Staci L. Wilson 2004-12-29
13 of 15 people found the following review helpful:
There have been several versions of Black Beauty produced for the cinema and for television. One of the weakest versions is the 1971 British production, which focuses much more on its parade of human characters than it does the horse. In the book and several of the movie versions, we get to know Beauty. We feel what he feels, and we understand what he is thinking as he passes from owner to owner. Beauty goes from a loving, happy family and life on an English farm with a little boy (Mark Lester) who loves him, to the cruel hands of the local land baron (Patrick Mower). Then he's stolen by Gypsy stereotypes, shipped across the continent, sold to a circus, and gifted to a gentleman who in turn gives the horse to his daughter. The daughter presents Beauty to her lover, who's a soldier headed for India. When the young man is killed in battle, Beauty is shipped back to England, where he goes to work in a coal mine. Instead of the people in the story being the thread woven through the horse's life, in this version it is just the opposite. While a horse called Ginger is mentioned in passing, the colorful equine characters in Beauty's orbit - most notably, Merrylegs - are all excised.

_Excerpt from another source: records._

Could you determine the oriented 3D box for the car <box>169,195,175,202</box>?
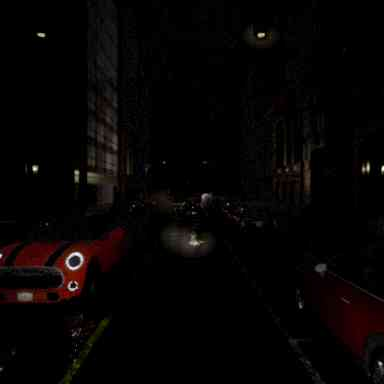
[{"bbox_3d":[-5.670,1.509,78.204,1.887,1.381,4.507,0,0,0],"label":"car"}]

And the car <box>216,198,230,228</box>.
[{"bbox_3d":[2.852,1.428,21.720,1.967,1.590,4.097,0,0,0],"label":"car"}]

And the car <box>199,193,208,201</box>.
[{"bbox_3d":[2.854,1.274,83.855,2.192,1.841,5.009,0,0,0],"label":"car"}]

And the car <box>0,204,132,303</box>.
[{"bbox_3d":[-3.078,1.347,8.399,2.097,1.767,4.553,0,0,0],"label":"car"}]

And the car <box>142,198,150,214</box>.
[{"bbox_3d":[-5.671,1.527,33.013,1.887,1.381,4.507,0,0,0],"label":"car"}]

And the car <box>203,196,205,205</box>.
[{"bbox_3d":[2.854,1.522,44.314,1.887,1.381,4.507,0,0,0],"label":"car"}]

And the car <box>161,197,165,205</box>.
[{"bbox_3d":[-5.672,1.416,49.960,1.967,1.590,4.097,0,0,0],"label":"car"}]

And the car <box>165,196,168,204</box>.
[{"bbox_3d":[-5.671,1.524,55.609,2.008,1.369,4.403,0,0,0],"label":"car"}]

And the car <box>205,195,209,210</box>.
[{"bbox_3d":[2.853,1.420,38.666,1.967,1.590,4.097,0,0,0],"label":"car"}]

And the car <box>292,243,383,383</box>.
[{"bbox_3d":[2.852,1.437,4.775,1.967,1.590,4.097,0,0,0],"label":"car"}]

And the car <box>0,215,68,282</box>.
[{"bbox_3d":[-5.672,1.560,10.418,1.947,1.339,4.313,0,0,0],"label":"car"}]

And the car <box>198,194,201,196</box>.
[{"bbox_3d":[0.098,1.479,54.349,1.837,1.490,4.892,0,0,0],"label":"car"}]

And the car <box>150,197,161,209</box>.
[{"bbox_3d":[-5.671,1.529,44.311,2.008,1.369,4.403,0,0,0],"label":"car"}]

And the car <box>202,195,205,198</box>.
[{"bbox_3d":[2.854,1.541,49.963,1.947,1.339,4.313,0,0,0],"label":"car"}]

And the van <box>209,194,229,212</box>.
[{"bbox_3d":[2.852,1.324,33.017,1.690,1.788,3.998,0,0,0],"label":"van"}]

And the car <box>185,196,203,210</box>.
[{"bbox_3d":[0.102,1.579,42.776,1.895,1.301,4.718,0,0,0],"label":"car"}]

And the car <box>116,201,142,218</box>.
[{"bbox_3d":[-5.671,1.551,27.364,1.947,1.339,4.313,0,0,0],"label":"car"}]

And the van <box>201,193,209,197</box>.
[{"bbox_3d":[2.852,1.314,55.612,1.690,1.788,3.998,0,0,0],"label":"van"}]

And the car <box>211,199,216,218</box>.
[{"bbox_3d":[2.853,1.530,27.369,1.887,1.381,4.507,0,0,0],"label":"car"}]

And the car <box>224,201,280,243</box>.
[{"bbox_3d":[2.852,1.431,16.072,1.967,1.590,4.097,0,0,0],"label":"car"}]

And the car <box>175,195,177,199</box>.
[{"bbox_3d":[-5.669,1.535,89.502,1.802,1.307,4.206,0,0,0],"label":"car"}]

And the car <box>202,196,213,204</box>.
[{"bbox_3d":[2.854,1.516,61.260,1.887,1.381,4.507,0,0,0],"label":"car"}]
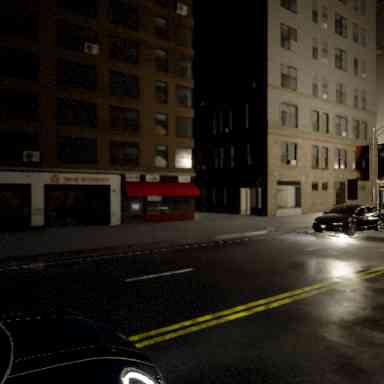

Adding insult to injury, the filmmakers made precious little attempt to match the various horses who portrayed Beauty throughout the years. Different shades, different builds, and even completely different breeds were used interchangeably. To a horse-lover, this is on par with a director casting Jack Nicholson, Jackie Chan, and Jacqueline Bisset in the same role and expecting the audience not to notice. The only constant was the extremely shoddy-looking fake star painted on the horse's forehead.